No doubt, if pushed, the judges could have created legal rights from the common (ie, the judge-made) law. Last year’s Court of Appeal did not. Rather, it said that local Maori may have some (customary) rights, which the Maori Land Court could help identify. That does not address the entirety of the ownership – who has the various rights to use, transform and transfer. I have written on “Maori” rights already (Rightful Owners 23 August 2003), so, briefly, this is not England and we (the public or the Crown) have no time immemorial claim to property rights in the beaches.

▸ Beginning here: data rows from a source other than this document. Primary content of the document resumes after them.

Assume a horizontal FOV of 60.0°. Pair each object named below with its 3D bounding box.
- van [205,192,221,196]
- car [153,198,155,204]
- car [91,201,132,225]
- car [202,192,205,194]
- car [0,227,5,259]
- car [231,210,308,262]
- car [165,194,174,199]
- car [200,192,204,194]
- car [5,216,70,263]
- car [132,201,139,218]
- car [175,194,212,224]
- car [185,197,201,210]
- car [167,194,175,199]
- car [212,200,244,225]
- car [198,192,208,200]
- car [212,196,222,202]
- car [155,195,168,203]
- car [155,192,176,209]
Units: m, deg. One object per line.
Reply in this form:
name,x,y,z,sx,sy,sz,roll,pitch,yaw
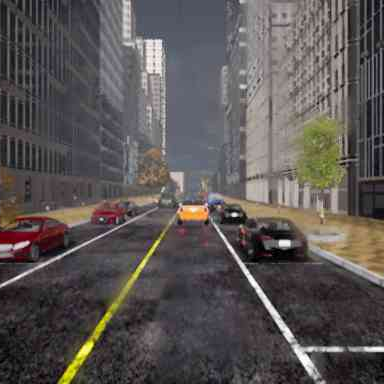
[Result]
van,2.700,1.167,40.204,1.690,1.788,3.998,0,0,0
car,-5.678,1.265,57.122,1.752,1.417,4.829,0,0,0
car,-5.684,1.447,23.137,1.887,1.381,4.507,0,0,0
car,2.701,1.238,45.896,1.967,1.590,4.097,0,0,0
car,-5.687,1.520,6.059,1.887,1.381,4.507,0,0,0
car,2.694,1.518,11.743,1.947,1.339,4.313,0,0,0
car,-5.673,1.136,85.755,2.008,1.369,4.403,0,0,0
car,2.706,0.995,68.664,2.192,1.841,5.009,0,0,0
car,-5.686,1.533,11.752,1.802,1.307,4.206,0,0,0
car,-5.683,1.443,28.830,1.947,1.339,4.313,0,0,0
car,0.105,1.251,24.166,2.097,1.767,4.553,0,0,0
car,0.108,1.345,41.457,1.812,1.442,4.674,0,0,0
car,-5.672,1.118,91.447,1.947,1.339,4.313,0,0,0
car,2.697,1.469,23.127,1.947,1.339,4.313,0,0,0
car,2.708,0.933,80.048,2.192,1.841,5.009,0,0,0
car,2.699,1.418,34.512,1.947,1.339,4.313,0,0,0
car,-5.677,1.260,62.986,2.008,1.369,4.403,0,0,0
car,-3.086,1.033,43.004,2.150,2.045,5.566,0,0,0
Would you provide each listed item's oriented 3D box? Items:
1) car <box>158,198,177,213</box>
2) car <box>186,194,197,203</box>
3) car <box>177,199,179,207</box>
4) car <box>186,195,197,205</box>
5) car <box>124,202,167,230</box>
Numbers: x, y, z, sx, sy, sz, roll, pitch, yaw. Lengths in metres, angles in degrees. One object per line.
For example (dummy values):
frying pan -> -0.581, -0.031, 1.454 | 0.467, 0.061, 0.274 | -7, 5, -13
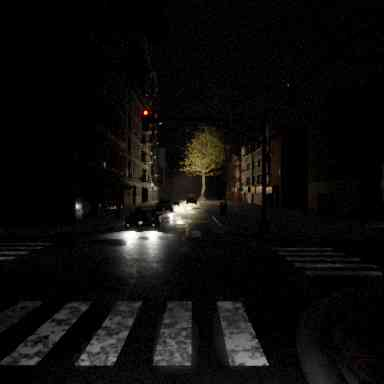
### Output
car -> -2.940, 1.487, 36.513 | 1.837, 1.490, 4.892 | 0, -1, 0
car -> -0.077, 1.329, 69.338 | 2.097, 1.767, 4.553 | 0, 0, 0
car -> -2.958, 1.539, 50.799 | 1.994, 1.385, 4.181 | 0, 0, 0
car -> -0.052, 1.454, 59.363 | 1.882, 1.535, 5.008 | 0, 0, 0
car -> -2.903, 1.553, 20.751 | 1.994, 1.385, 4.181 | 0, 0, 0
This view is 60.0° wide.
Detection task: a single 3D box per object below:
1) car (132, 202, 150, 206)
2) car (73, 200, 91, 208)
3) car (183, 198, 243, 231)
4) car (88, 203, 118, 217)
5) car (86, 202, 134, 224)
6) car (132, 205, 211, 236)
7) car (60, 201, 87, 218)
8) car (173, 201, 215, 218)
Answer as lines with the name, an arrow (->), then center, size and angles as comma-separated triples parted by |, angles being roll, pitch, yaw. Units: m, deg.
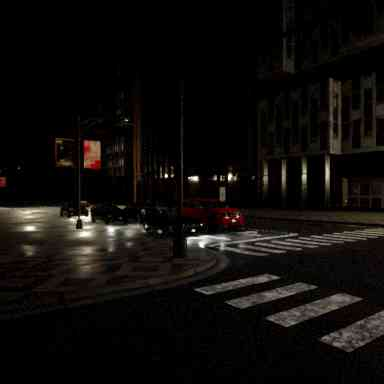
car -> -4.635, 1.716, 30.653 | 2.097, 1.767, 4.553 | 0, -1, -36
car -> -22.027, 2.406, 66.420 | 2.033, 1.411, 5.357 | 0, -1, -36
car -> 1.023, 1.455, 22.790 | 2.150, 2.045, 5.566 | 0, -1, -34
car -> -10.421, 2.024, 38.736 | 1.812, 1.442, 4.674 | 0, -1, -35
car -> -7.154, 1.855, 28.581 | 1.882, 1.535, 5.008 | 0, -1, -36
car -> -1.461, 1.793, 20.632 | 2.033, 1.411, 5.357 | 0, -1, -36
car -> -13.067, 1.867, 36.851 | 2.097, 1.767, 4.553 | 0, -1, -36
car -> 0.133, 1.824, 35.491 | 1.882, 1.535, 5.008 | 0, 0, -36
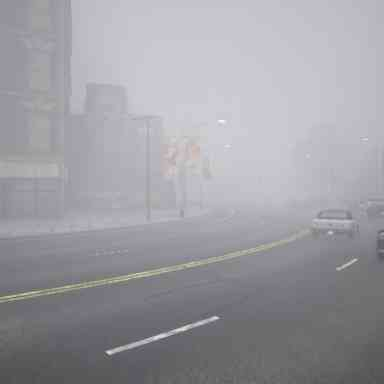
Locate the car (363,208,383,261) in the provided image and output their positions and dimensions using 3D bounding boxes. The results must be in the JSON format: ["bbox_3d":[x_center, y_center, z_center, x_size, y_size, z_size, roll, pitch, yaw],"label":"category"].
[{"bbox_3d":[7.698,1.486,11.513,2.128,1.511,4.902,0,0,38],"label":"car"}]

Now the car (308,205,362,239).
[{"bbox_3d":[7.563,1.590,17.388,1.895,1.301,4.718,0,0,30],"label":"car"}]

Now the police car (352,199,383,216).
[{"bbox_3d":[15.098,1.409,27.594,1.930,1.638,5.238,0,0,15],"label":"police car"}]

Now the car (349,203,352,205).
[{"bbox_3d":[19.943,1.497,38.519,2.002,1.452,4.674,0,0,1],"label":"car"}]

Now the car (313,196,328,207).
[{"bbox_3d":[16.556,1.321,45.183,2.097,1.767,4.553,0,0,-4],"label":"car"}]

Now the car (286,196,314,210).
[{"bbox_3d":[13.303,1.496,41.912,1.812,1.442,4.674,0,0,-1],"label":"car"}]
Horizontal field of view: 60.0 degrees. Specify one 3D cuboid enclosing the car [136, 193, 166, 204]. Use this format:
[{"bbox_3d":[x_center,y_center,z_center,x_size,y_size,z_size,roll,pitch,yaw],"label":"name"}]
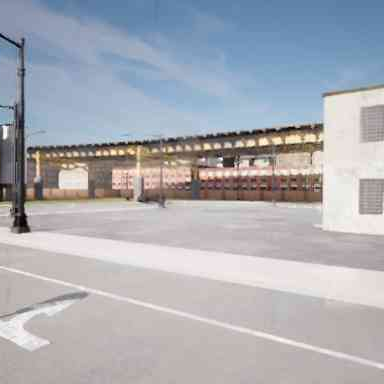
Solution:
[{"bbox_3d":[-7.535,1.201,61.872,5.566,2.045,2.150,0,0,-33],"label":"car"}]
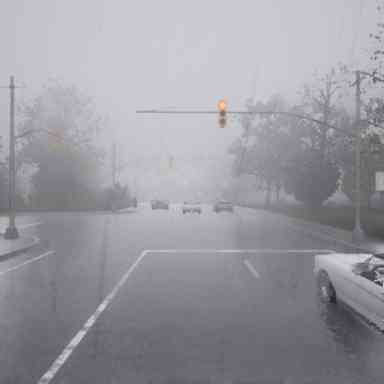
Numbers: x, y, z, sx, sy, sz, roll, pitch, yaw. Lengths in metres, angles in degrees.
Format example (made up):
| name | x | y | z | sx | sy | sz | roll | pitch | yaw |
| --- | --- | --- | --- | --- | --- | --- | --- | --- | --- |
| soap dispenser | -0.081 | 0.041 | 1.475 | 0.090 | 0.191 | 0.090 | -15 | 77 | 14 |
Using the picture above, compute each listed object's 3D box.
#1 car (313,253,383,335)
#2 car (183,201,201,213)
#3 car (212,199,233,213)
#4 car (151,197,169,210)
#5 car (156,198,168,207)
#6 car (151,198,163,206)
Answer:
| name | x | y | z | sx | sy | sz | roll | pitch | yaw |
| --- | --- | --- | --- | --- | --- | --- | --- | --- | --- |
| car | 3.598 | 1.599 | 5.234 | 1.895 | 1.301 | 4.718 | 0 | 0 | 0 |
| car | -0.066 | 1.607 | 36.438 | 1.895 | 1.301 | 4.718 | 0 | 0 | -1 |
| car | 3.403 | 1.501 | 37.295 | 2.128 | 1.511 | 4.902 | 0 | 0 | -1 |
| car | -4.059 | 1.410 | 43.105 | 2.097 | 1.767 | 4.553 | 0 | -1 | -3 |
| car | -5.079 | 1.741 | 55.302 | 1.837 | 1.490 | 4.892 | 0 | -1 | -7 |
| car | -7.358 | 2.018 | 69.104 | 1.882 | 1.535 | 5.008 | 0 | -1 | -13 |

Do Maori? They claim it through the rangatiratanga (second article) provisions of the Tiriti o Waitangi, although some have told me they are less enthusiastic if it meant they got their local foreshore, but were restricted from the beaches where other iwi had the rights. But, if we ignore Maori claims to their private property rights, then either the government has the right to nationalise any private property without compensation or, if it confines itself to expropriating only Maori, it is racist. I have been surprised at the silence of the political right on this central issue of the protection of private property rights.
Parliament could legislate the foreshore and seabed into a public domain, with the Crown as the trustee responsible for its management and regulation. Current customary users – Maori and everyone – would continue, but there would be restrictions on new uses and transfer would be prohibited. If at any future time any property rights were to be commercialised, the Maori would claim the proceeds from the commercialisation. That would discourage the Crown alienating the foreshore, since it would get no financial benefit. In my view, until the asset is commercialised, the ranga-tiratanga provisions cover only customary usage and kaitiaki (guardianship).
However, for legal and political reasons, the foreshore is not being placed into a pure public domain. Instead, it will be a Crown Asset, a concept made rigorous in the 80s as part of the systemisation of property rights. Unfortunately, it is associated with the notion that the Crown should be administered as a private household without concern for the wider public interest. The Rogernomes might say that running the Crown as a selfish household was in the best public interest, unable to see that sometimes the immediate interest of the Treasury was not in all our interests. Practically, this led to the major privatisations of the 80s and 90s, despite widespread public objection. Could making the beaches Crown Assets lead to their privatisation?
Parliament can do just about anything (with the possible exception of seriously debating a difficult problem), so we cannot be sure that it would never sell our beaches. Even so, such assets should not sit in the Crown Accounts as if they could be sold off. They are being held in trust for our use, and limited transformation, and certainly it is not our (Maori and Pakeha) intention that they can be alienated. There are other heritage and cultural assets in the Crown Accounts that are equally precious, and equally inalienable: our national parks, heritage buildings and archives, the collections in Te Papa and the Alexander Turnbull Library – even the Treaty documents.
What may come out of the foreshore and seabed changes is a different form of Crown ownership, in which the Crown is the trustee for the management of assets which are for our and future generations’ enjoyment. Let’s make sure that the assets in our public domain are inalienable, irrespective of whether they are in the Crown Accounts.